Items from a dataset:

_ _ _ _ _

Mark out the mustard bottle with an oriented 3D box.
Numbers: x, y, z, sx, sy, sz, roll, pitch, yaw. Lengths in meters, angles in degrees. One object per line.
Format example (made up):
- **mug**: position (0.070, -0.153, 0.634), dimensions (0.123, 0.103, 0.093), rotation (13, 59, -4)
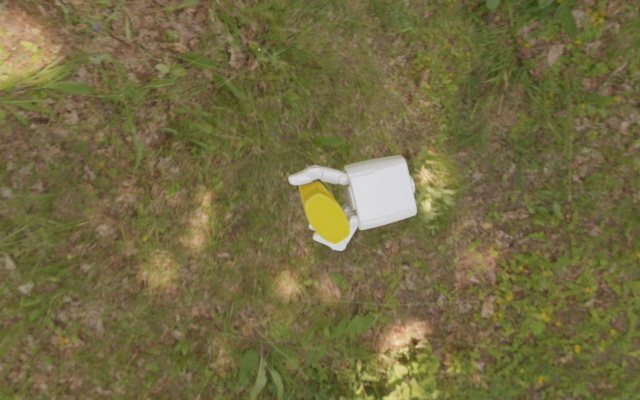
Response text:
- **mustard bottle**: position (0.000, 0.003, 0.859), dimensions (0.058, 0.096, 0.191), rotation (-36, 18, 5)
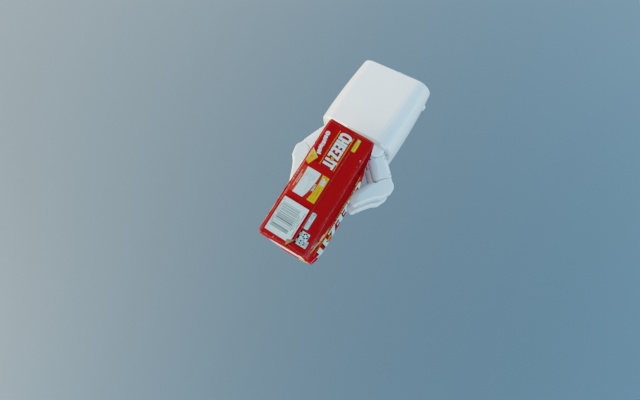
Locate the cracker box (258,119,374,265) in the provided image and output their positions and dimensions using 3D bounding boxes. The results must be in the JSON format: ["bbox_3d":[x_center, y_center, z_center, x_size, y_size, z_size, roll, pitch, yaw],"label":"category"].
[{"bbox_3d":[0.000,0.002,0.661,0.072,0.164,0.214,31,-8,7],"label":"cracker box"}]
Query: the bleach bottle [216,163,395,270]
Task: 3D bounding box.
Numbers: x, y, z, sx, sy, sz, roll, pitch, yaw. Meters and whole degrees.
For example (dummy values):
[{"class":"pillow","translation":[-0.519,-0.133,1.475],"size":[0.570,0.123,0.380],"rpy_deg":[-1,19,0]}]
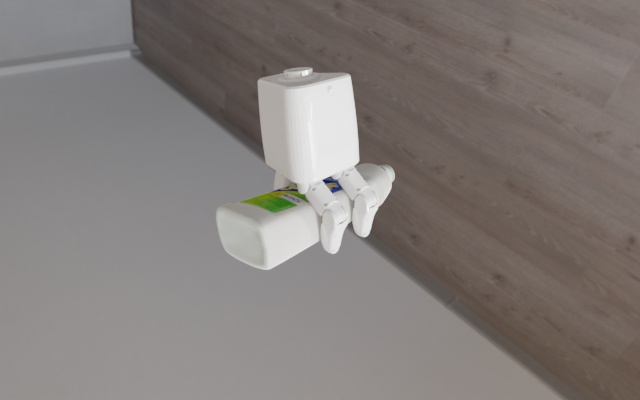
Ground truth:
[{"class":"bleach bottle","translation":[0.000,0.002,0.610],"size":[0.250,0.068,0.102],"rpy_deg":[-25,29,-39]}]
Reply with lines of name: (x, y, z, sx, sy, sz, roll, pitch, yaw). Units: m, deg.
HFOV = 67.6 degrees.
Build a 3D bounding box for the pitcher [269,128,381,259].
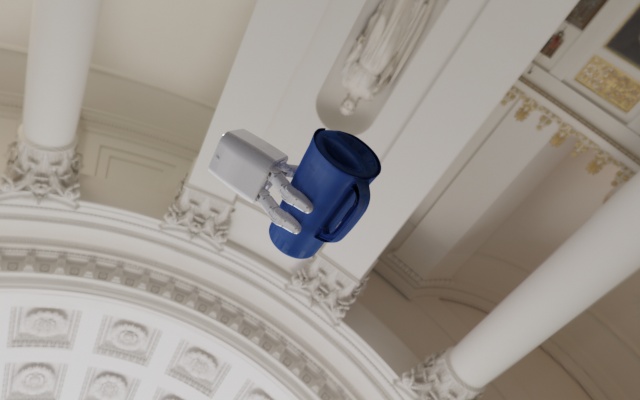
pitcher: (0.000, 0.003, 0.876, 0.145, 0.243, 0.149, 33, 34, 1)
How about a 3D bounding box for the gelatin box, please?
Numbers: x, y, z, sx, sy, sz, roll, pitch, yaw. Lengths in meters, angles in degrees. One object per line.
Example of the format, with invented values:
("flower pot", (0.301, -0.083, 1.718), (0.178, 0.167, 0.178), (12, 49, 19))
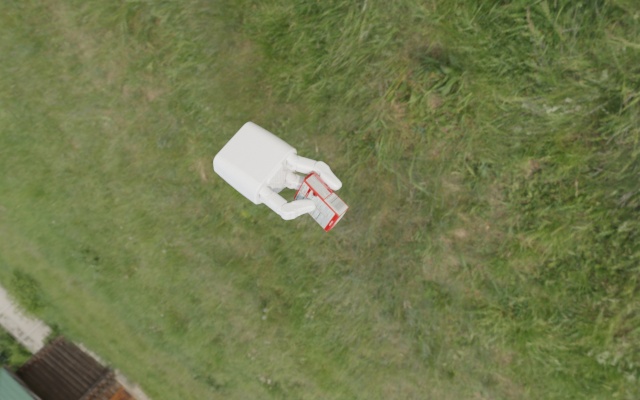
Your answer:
("gelatin box", (0.000, 0.003, 0.831), (0.030, 0.089, 0.073), (-40, -9, -29))
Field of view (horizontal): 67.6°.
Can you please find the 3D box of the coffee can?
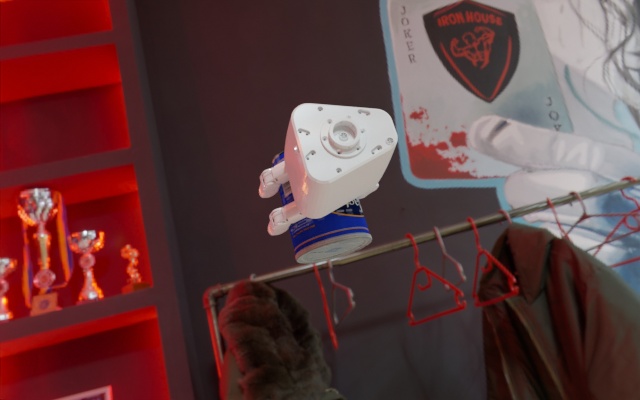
[{"bbox_3d":[0.000,0.002,0.642,0.103,0.140,0.103,-14,-17,-5],"label":"coffee can"}]
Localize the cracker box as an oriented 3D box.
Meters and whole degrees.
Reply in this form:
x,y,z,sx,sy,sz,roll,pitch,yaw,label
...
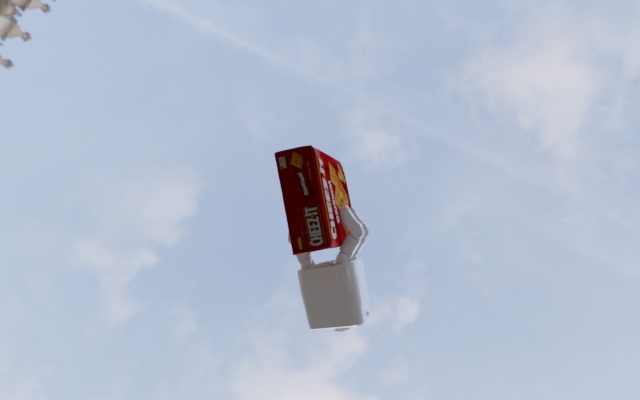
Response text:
x,y,z,sx,sy,sz,roll,pitch,yaw,label
0.000,0.003,0.828,0.072,0.164,0.214,-13,-5,13,cracker box
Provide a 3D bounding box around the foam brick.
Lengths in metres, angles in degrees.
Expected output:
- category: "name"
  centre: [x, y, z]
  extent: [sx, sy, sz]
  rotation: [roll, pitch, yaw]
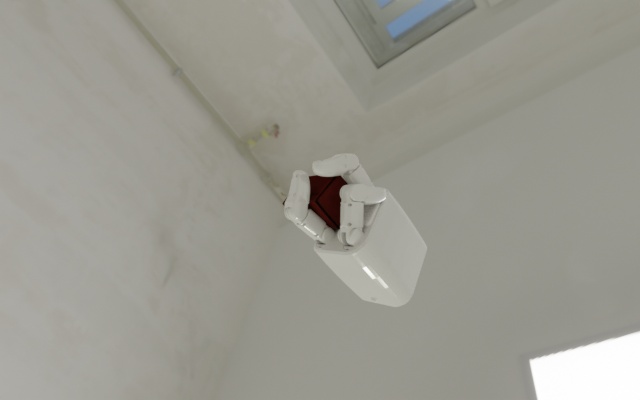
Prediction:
- category: "foam brick"
  centre: [0.000, 0.002, 0.609]
  extent: [0.051, 0.053, 0.078]
  rotation: [49, -27, -23]
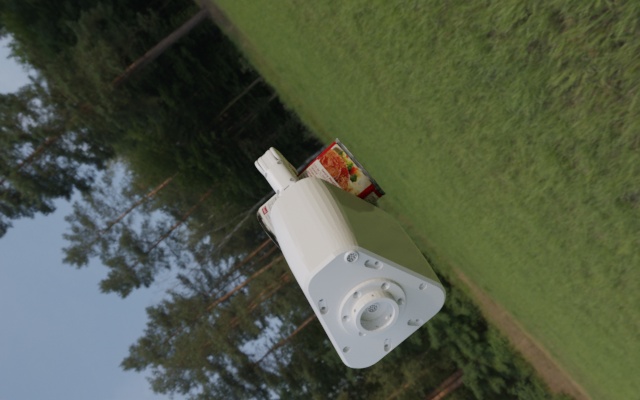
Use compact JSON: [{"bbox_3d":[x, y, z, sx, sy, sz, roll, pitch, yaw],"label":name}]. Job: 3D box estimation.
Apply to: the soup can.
[{"bbox_3d":[0.000,0.001,0.444,0.102,0.068,0.068,-41,-5,6],"label":"soup can"}]
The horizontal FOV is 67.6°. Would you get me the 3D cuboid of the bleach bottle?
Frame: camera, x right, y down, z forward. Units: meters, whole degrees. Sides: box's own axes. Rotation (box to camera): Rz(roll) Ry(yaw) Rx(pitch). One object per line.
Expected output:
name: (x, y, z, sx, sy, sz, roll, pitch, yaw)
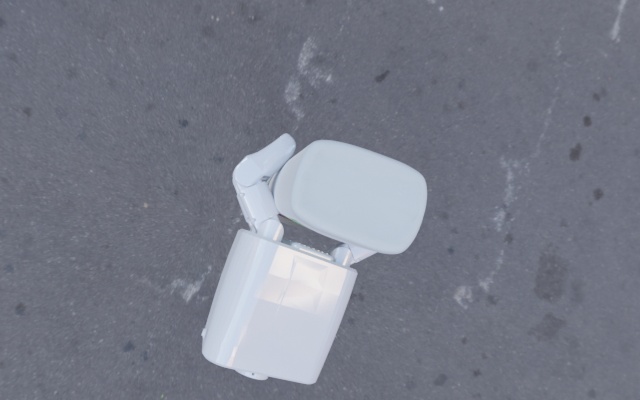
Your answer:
bleach bottle: (0.000, 0.001, 0.452, 0.102, 0.068, 0.251, 20, -6, -11)
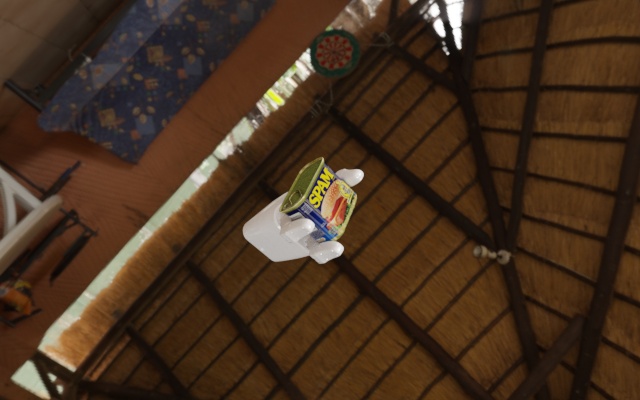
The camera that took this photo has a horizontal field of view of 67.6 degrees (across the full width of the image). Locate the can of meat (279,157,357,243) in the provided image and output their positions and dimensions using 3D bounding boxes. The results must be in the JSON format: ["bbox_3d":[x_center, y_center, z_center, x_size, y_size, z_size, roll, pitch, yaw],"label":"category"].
[{"bbox_3d":[0.000,0.002,0.701,0.084,0.102,0.057,43,-41,-21],"label":"can of meat"}]
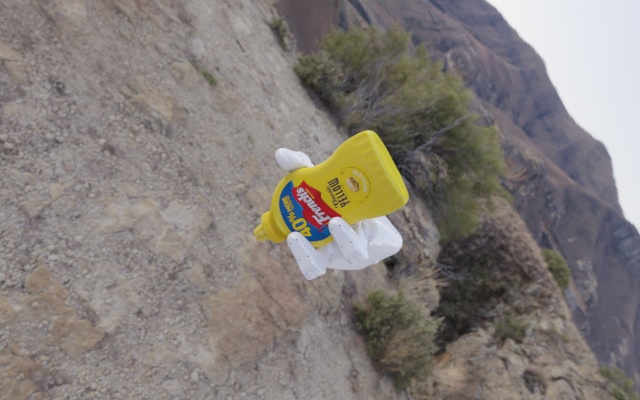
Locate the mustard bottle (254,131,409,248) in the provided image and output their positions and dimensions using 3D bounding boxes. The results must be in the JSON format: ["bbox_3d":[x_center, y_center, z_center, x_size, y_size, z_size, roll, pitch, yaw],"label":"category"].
[{"bbox_3d":[0.000,0.002,0.570,0.192,0.096,0.058,-28,1,21],"label":"mustard bottle"}]
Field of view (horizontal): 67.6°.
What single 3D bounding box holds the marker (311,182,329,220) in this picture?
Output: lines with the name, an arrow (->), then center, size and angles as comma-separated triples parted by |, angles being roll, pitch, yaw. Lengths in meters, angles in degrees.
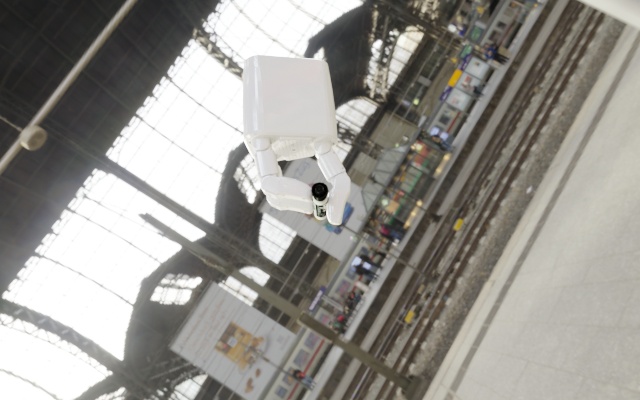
marker -> 0.000, 0.002, 0.575 | 0.020, 0.020, 0.121 | 0, -14, 1
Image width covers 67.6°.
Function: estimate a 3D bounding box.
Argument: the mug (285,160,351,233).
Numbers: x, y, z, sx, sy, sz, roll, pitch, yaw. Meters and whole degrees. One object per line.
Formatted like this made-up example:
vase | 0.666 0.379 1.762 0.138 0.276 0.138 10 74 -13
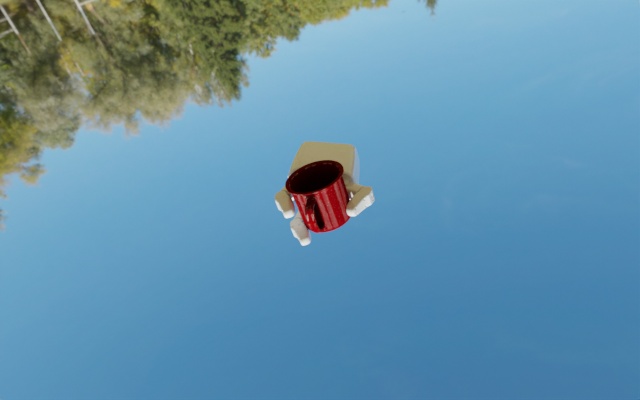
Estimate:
mug | 0.000 0.003 0.734 0.093 0.081 0.117 -9 33 17
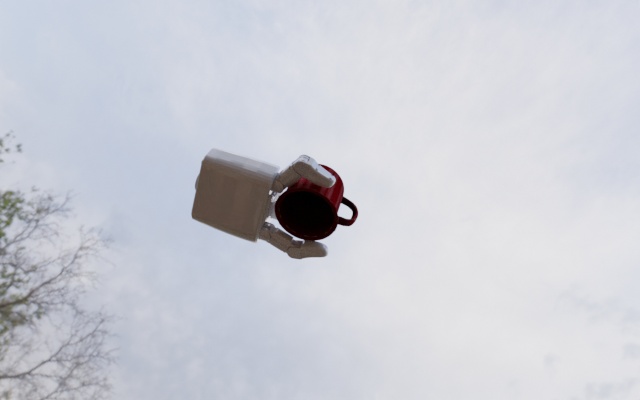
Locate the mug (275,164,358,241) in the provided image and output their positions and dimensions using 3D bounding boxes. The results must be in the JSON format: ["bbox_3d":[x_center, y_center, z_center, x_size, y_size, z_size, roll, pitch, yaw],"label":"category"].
[{"bbox_3d":[0.002,0.003,0.701,0.117,0.093,0.081,19,38,3],"label":"mug"}]
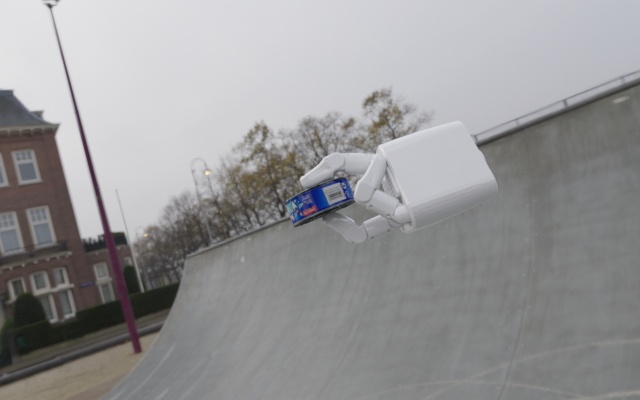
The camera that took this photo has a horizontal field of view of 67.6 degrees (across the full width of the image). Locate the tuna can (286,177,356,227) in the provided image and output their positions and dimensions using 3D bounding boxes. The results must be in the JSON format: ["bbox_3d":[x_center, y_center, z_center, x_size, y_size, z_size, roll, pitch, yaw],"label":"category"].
[{"bbox_3d":[0.000,0.001,0.602,0.086,0.033,0.086,-23,-5,-2],"label":"tuna can"}]
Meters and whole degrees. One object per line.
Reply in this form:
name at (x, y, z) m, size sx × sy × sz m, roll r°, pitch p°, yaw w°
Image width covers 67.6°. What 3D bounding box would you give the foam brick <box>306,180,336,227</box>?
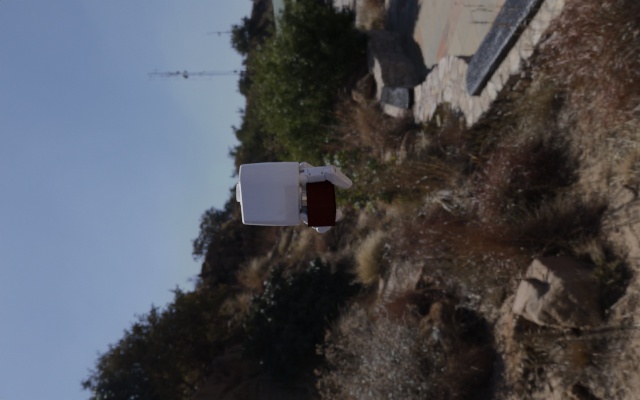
foam brick at (0.000, 0.003, 0.861) m, size 0.051 × 0.078 × 0.053 m, roll -1°, pitch -44°, yaw -2°
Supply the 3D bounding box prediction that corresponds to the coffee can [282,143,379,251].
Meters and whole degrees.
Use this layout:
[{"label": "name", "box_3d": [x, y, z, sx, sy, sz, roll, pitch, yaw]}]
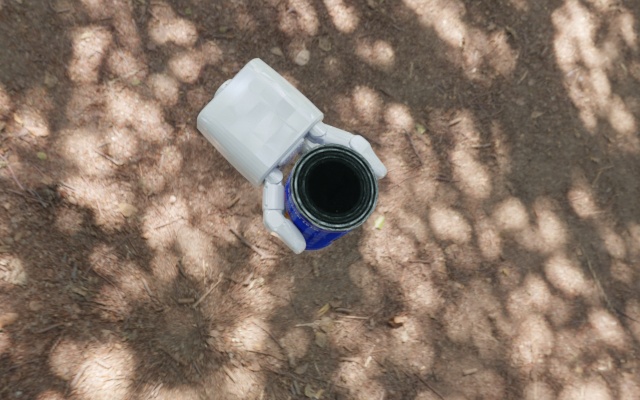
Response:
[{"label": "coffee can", "box_3d": [0.000, 0.002, 0.594, 0.103, 0.102, 0.140, 0, -15, -14]}]
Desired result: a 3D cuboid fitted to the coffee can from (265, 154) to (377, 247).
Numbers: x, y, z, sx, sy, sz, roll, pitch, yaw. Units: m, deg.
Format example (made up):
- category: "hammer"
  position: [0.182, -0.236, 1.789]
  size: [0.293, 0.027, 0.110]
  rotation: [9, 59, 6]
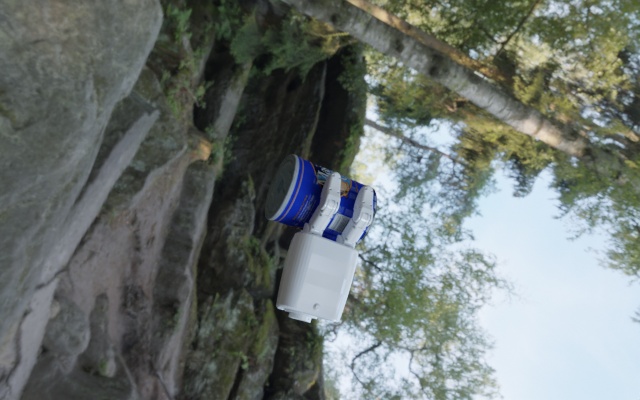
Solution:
- category: "coffee can"
  position: [0.000, 0.002, 0.726]
  size: [0.140, 0.103, 0.103]
  rotation: [21, -8, -21]
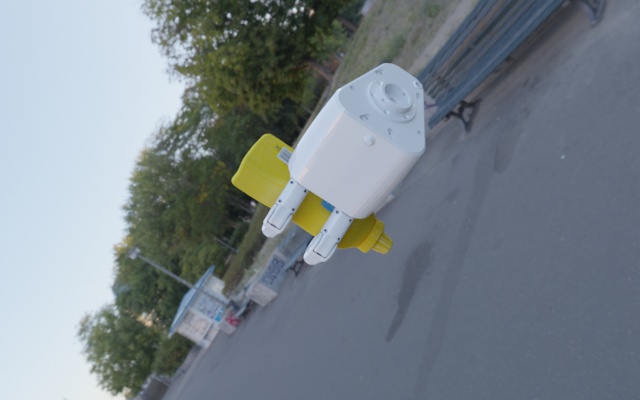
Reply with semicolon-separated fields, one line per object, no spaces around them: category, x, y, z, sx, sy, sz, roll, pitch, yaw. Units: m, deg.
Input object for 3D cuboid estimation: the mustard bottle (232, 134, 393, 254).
mustard bottle;0.000;0.002;0.542;0.191;0.058;0.096;33;26;-5

_ _ _ _ _

Tell how many lines in the entries above include the word "Numbers", and respond with the number alone.

5